ELECTROGENIC UPTAKE OF SULFUR-CONTAINING ANALOGS OF GLUTAMATE AND ASPARTATE BY MULLER CELLS FROM THE SALAMANDER RETINA

1. The effect of sulphur-containing analogues of glutamate and aspartate on the membrane current of glial cells was studied by whole-cell clamping Muller cells isolated from the salamander retina. 2. L-Cysteic acid (CA), L-cysteinesulphinic acid (CSA), L-homocysteic acid (HCA), L-homocysteinesulphinic acid (HCSA) and S-sulpho-L-cysteine (SC) all evoked an inward membrane current that was large at negative potentials, and was smaller (but did not reverse) at more positive potentials up to +30 mV. 3. Removal of external sodium ions abolished the amino acid-evoked currents. Whole-cell clamping with pipettes containing no potassium led to a rapid suppression of the currents, that did not occur when potassium was included in the pipette. 4. The dependence of the currents on sulphur-containing amino acid concentration obeyed first-order Michaelis-Menten kinetics. The current evoked by co-application of L-glutamate and a sulphur-containing analogue was smaller than the sum of the currents produced by glutamate alone and by the sulphur analogue alone. 5. These data are consistent with the sulphur amino acid-evoked current being caused by uptake on the electrogenic glutamate uptake carrier, which co-transports an excess of Na+ ions into the cell, and counter-transports one K+ ion out of the cell. 6. The apparent K(m) (Michaelis-Menten constant) values for activation of uptake by CA (6-mu-M) and by CSA (60-mu-M) are low enough for uptake on the glutamate uptake carrier to be a plausible mechanism for terminating the postulated neurotransmitter action of these agents.
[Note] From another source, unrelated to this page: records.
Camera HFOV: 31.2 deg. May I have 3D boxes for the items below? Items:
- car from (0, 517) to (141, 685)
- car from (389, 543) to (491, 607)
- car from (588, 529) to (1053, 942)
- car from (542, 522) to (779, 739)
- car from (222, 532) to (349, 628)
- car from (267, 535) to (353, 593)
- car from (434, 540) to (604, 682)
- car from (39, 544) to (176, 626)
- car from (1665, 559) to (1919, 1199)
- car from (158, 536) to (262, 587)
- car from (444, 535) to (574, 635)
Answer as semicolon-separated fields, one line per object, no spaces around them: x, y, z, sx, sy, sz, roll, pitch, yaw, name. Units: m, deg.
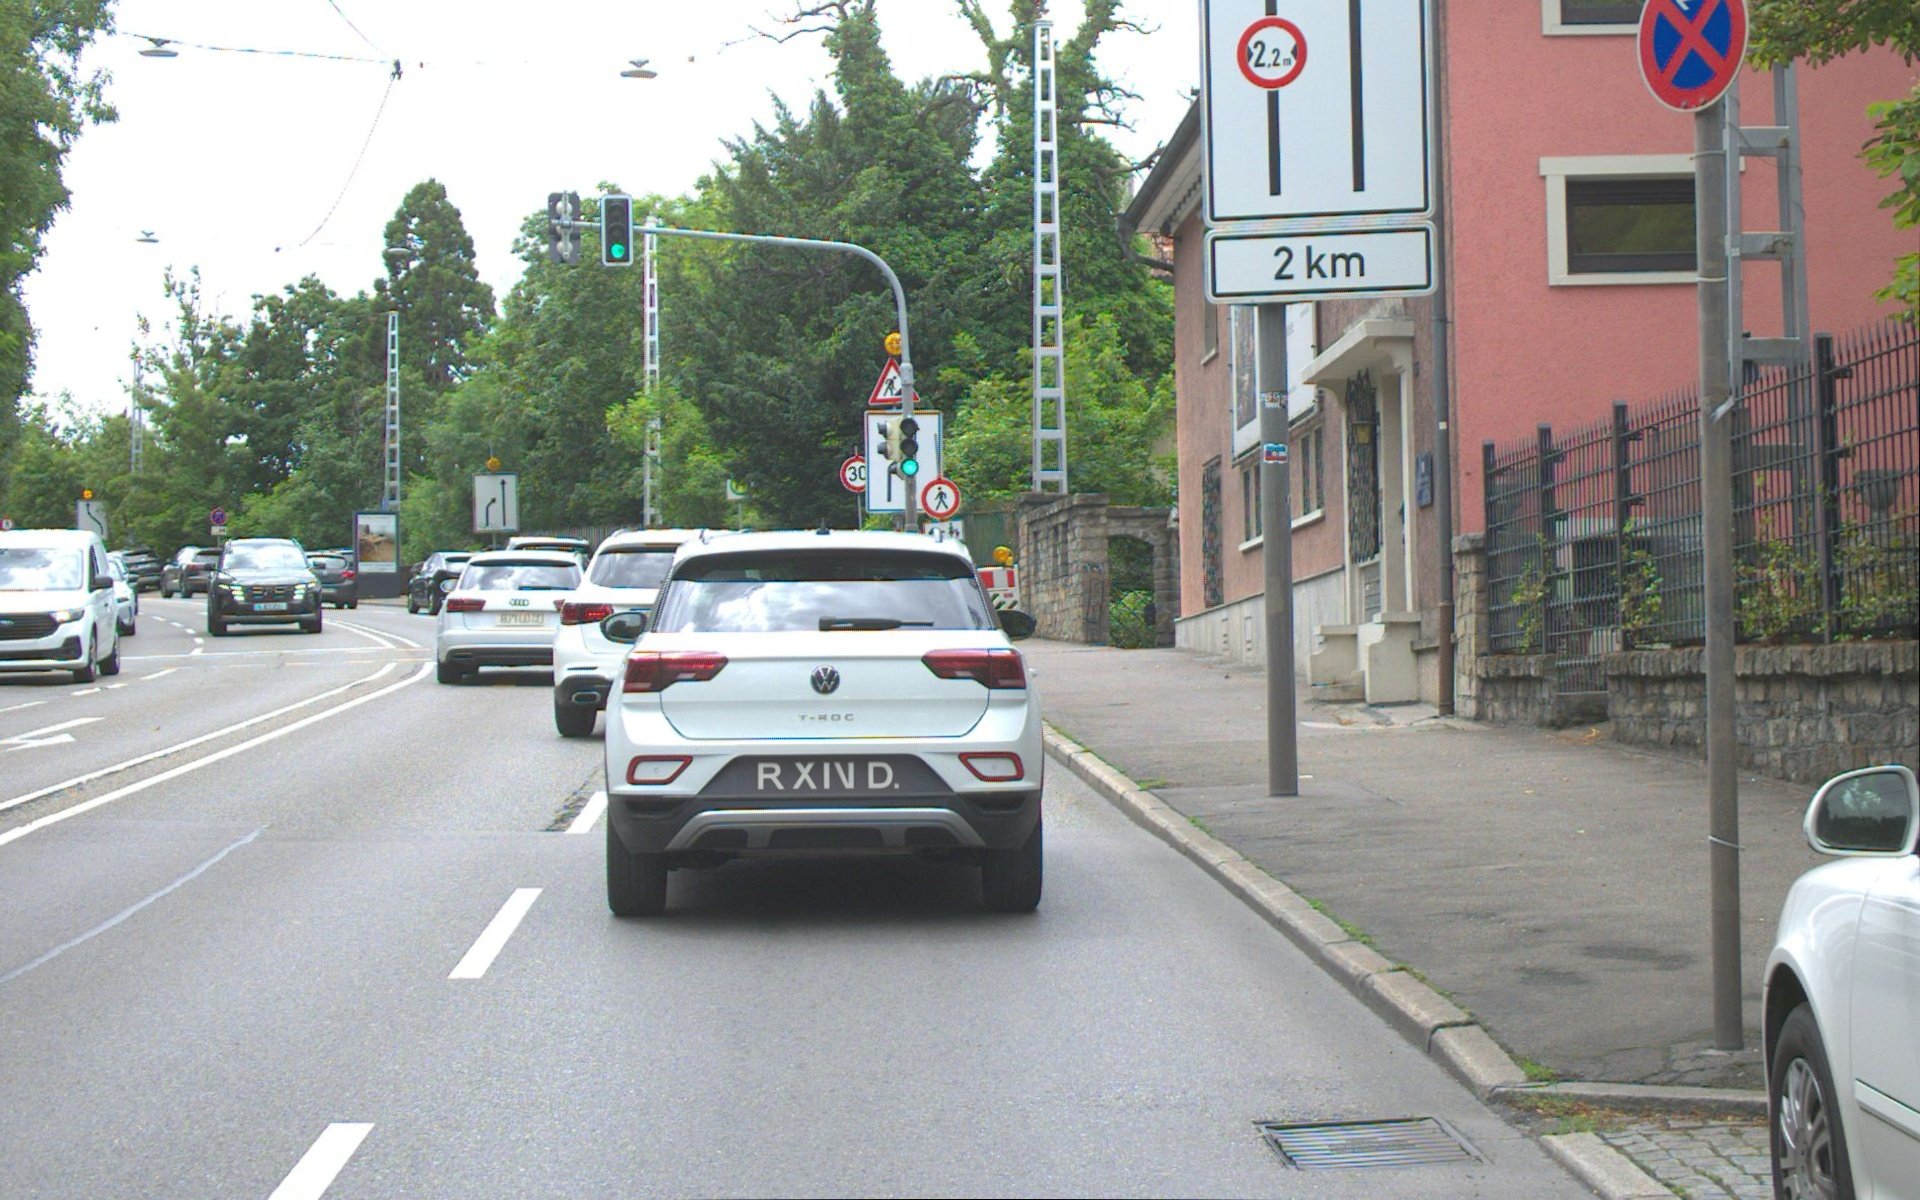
-11.053;-0.015;41.026;1.892;1.842;4.397;4;0;-7;car
-12.083;-0.564;79.676;1.993;1.445;4.152;0;0;-13;car
-0.522;0.519;15.095;1.758;1.550;3.795;1;0;0;car
-2.368;0.230;27.853;1.757;1.604;3.796;1;0;-3;car
-11.830;-0.386;60.489;1.848;1.626;4.362;0;1;-7;car
-16.616;-0.908;87.758;1.780;1.449;4.001;0;0;-16;car
-4.857;0.113;38.144;1.757;1.466;3.796;1;0;-6;car
-15.483;-0.297;62.619;1.715;1.398;4.024;-1;1;-4;car
2.339;0.658;4.952;1.675;1.456;4.366;-2;1;0;car
-24.294;-1.235;111.289;1.993;1.570;4.150;0;0;-32;car
-7.341;-0.265;56.016;1.993;1.551;4.151;1;1;-7;car

However, the apparent K(m) values for uptake of HCA (2.95 mM), HCSA (1.65 mM) and SC (> 1 mM) are much higher than the EC50 (half-maximal effective concentration) concentrations for these agents' activation of NMDA (N-methyl-D-aspartate) channels. 7. Comparing the concentrations of sulphur amino acids needed to activate NMDA channels with their rate of uptake suggests that their potency for causing excitotoxic damage should follow the sequence HCA > SC > HCSA > Glu > CSA > Asp > CA.